# Wind Block/Stopping Hoodie



## DragonXero13 (Oct 27, 2008)

Hey everyone, I was wondering if anyone had any knowledge or an idea if there were hoodies that could block wind or stop it. I have a Wind Blocker Gore-Tex TNF but it is about 9 years old and it's falling apart. 

What brands and what kind of quality/fabric/etc should I be looking for?

I was thinking about buying TNF Apex Bionic with a hoodie but for $150, it seems a bit pricey. I live in WA so it seems like everyone wears TNF, Patagonia, Aceteryx. The idea to make this thread came when I was waiting at the bus station when the wind just picked up and it was about 41 degrees and I was cold as hell in my SouthPole Sweater. I wear my hoodies with usually just a T-Shirt, I know that people say that you should wear layers, but I think it's a bit of a hassle to layer up and than get hot and sweat and all that. I'm the kind of person that would rather be cold than hot.
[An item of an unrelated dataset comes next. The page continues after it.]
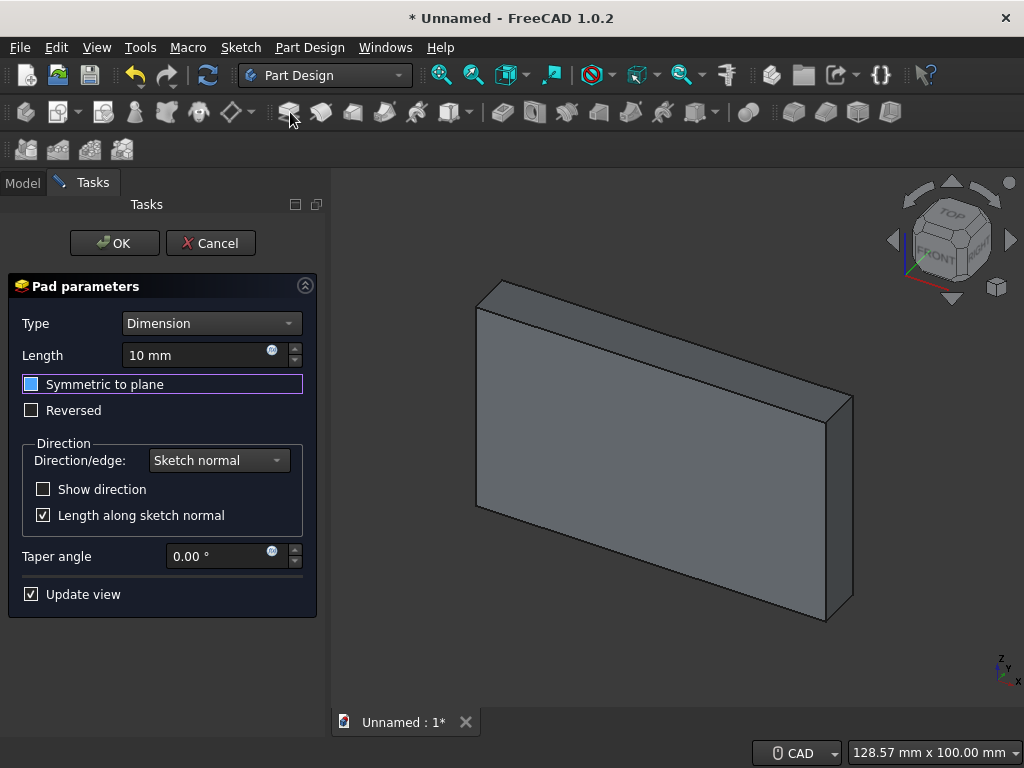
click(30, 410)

With all that in mind, any tips, recommendations, advice anyone has?

Thanks a lot for taking your time to read this!


----------



## bakesale (Nov 28, 2008)

The Arc'teryx softshell jackets are not bad. I got one from the factory store here in Vancouver for super cheap and its nice to have on windy and wet spring days i the city.


----------



## bravo_castle (Aug 16, 2007)

Backcountry.com has a few softshell / windstopper hoodies.
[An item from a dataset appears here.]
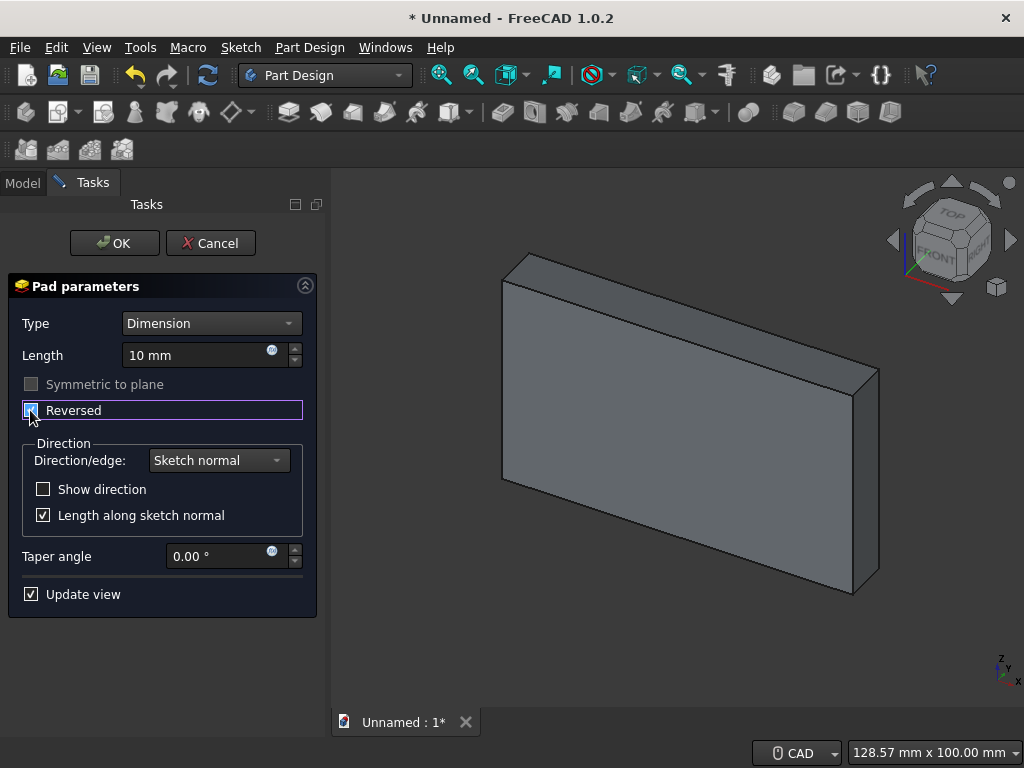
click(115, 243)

Burton WindStopper Hooded Jacket

Sessions Stargyle Hooded Softshell Jacket 

Salomon 900 Softshell Hoodie 

ETA: I'll 2nd the Arcteryx softshell jacket idea. I've had a sigma LT for 2 - 3 years now & wear it damn near everyday (EDC) & love it. You also can't go wrong with Patagonia.


----------



## DragonXero13 (Oct 27, 2008)

I looked at the Ace'teryx softshell line with hoodies are the Epsilon, Gamma MX, Gamma SV. The Ace'teryx line is pretty damn expensive. The Gamma MX Hoody costs $350. Originally the products were made in Canada, which have now been shipped to China for production...

I'm just looking for a wind blocking jacket with a hoody that can keep me warm while I wear a t-shirt on the inside, no layering.

Thanks for your help guys, I appreciate it!

Edit- What do you guys think of TNF Apex Bionic hooded jacket?


----------